_Assignment_
Transcribe everything in the listing below exactly, except the pictures.

Start of Entries provided

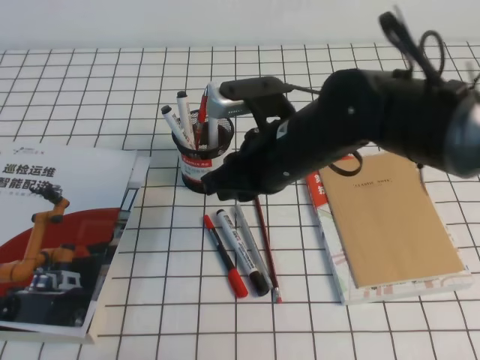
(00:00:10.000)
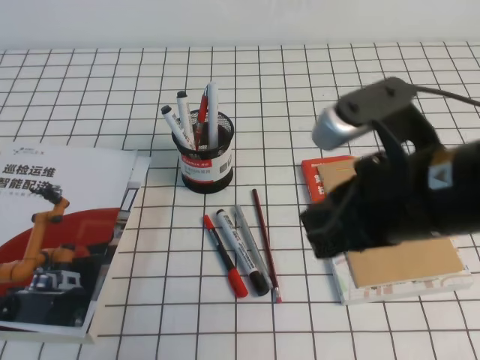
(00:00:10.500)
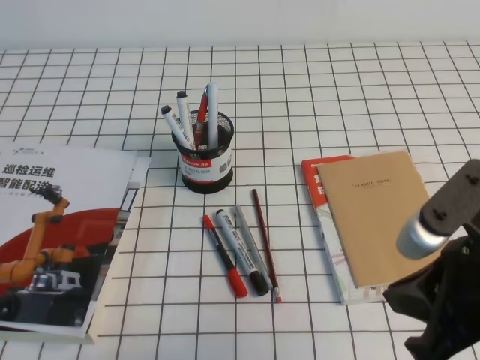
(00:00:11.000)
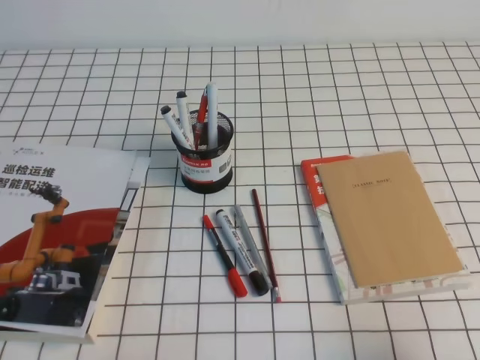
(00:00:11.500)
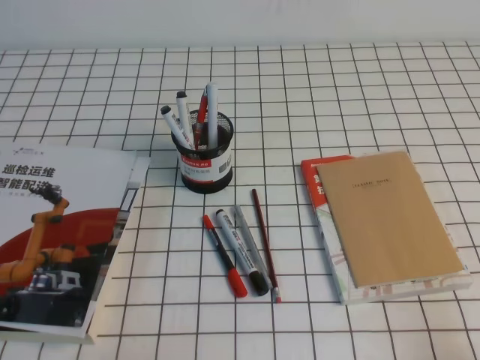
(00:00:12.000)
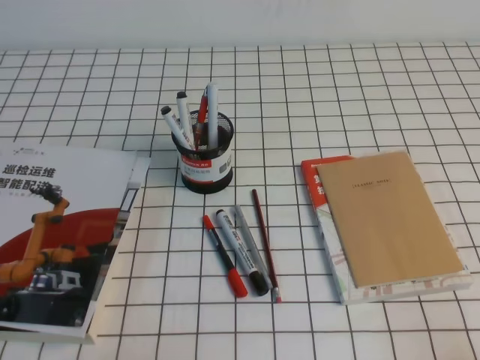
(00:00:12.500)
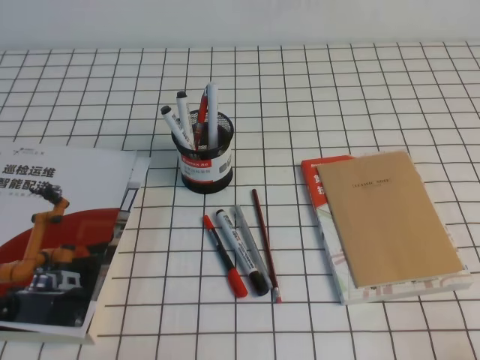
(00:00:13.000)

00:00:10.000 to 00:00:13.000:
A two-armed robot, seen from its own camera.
Step, 00:00:10.000 to 00:00:13.000: Pick up the pen from the pen holder.
00:00:10.000 to 00:00:11.500: The right gripper shifts roughly 30 cm to the right and backward, and closes up.
00:00:11.500 to 00:00:13.000: The right gripper shifts roughly 10 cm downward, backward and to the right.

End of Entries provided

_Answer space_
(00:00:10.000)
(00:00:10.500)
(00:00:11.000)
(00:00:11.500)
(00:00:12.000)
(00:00:12.500)
(00:00:13.000)

00:00:10.000 to 00:00:13.000:
A two-armed robot, seen from its own camera.
Step, 00:00:10.000 to 00:00:13.000: Pick up the pen from the pen holder.
00:00:10.000 to 00:00:11.500: The right gripper shifts roughly 30 cm to the right and backward, and closes up.
00:00:11.500 to 00:00:13.000: The right gripper shifts roughly 10 cm downward, backward and to the right.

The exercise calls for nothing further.